# Instructions for the task:
Give all of the data below again exactly, and drop the images.

# Data shown:
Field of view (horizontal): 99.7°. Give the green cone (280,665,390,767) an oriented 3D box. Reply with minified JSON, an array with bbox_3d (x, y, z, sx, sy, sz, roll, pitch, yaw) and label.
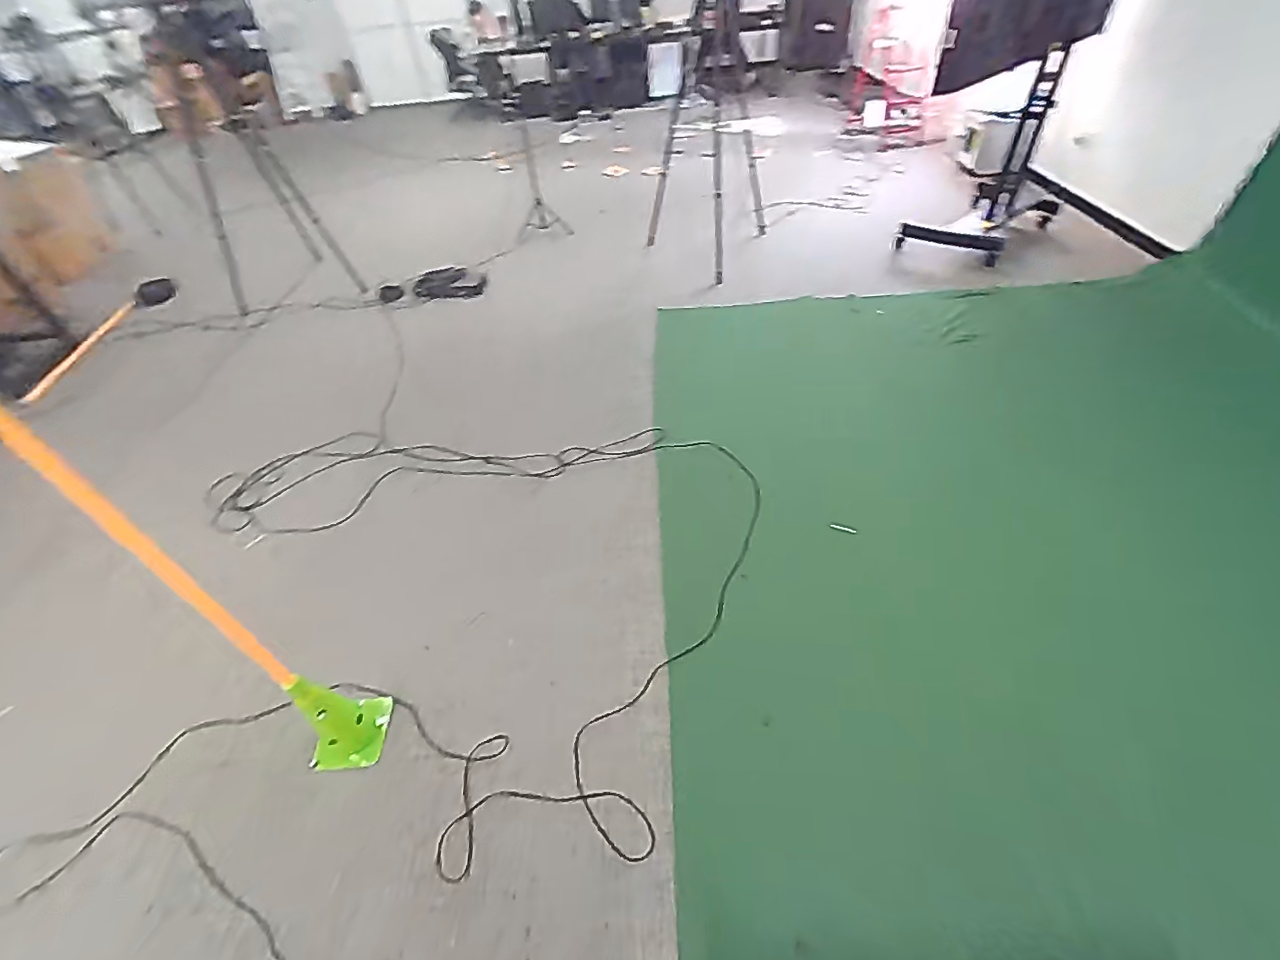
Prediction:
[{"bbox_3d":[-0.881,0.622,1.500,0.200,0.368,0.202,-6,44,1],"label":"green cone"}]

# Response:
Field of view (horizontal): 99.7°. Give the green cone (280,665,390,767) an oriented 3D box. Reply with minified JSON, an array with bbox_3d (x, y, z, sx, sy, sz, roll, pitch, yaw) and label.
Prediction:
[{"bbox_3d":[-0.881,0.622,1.500,0.200,0.368,0.202,-6,44,1],"label":"green cone"}]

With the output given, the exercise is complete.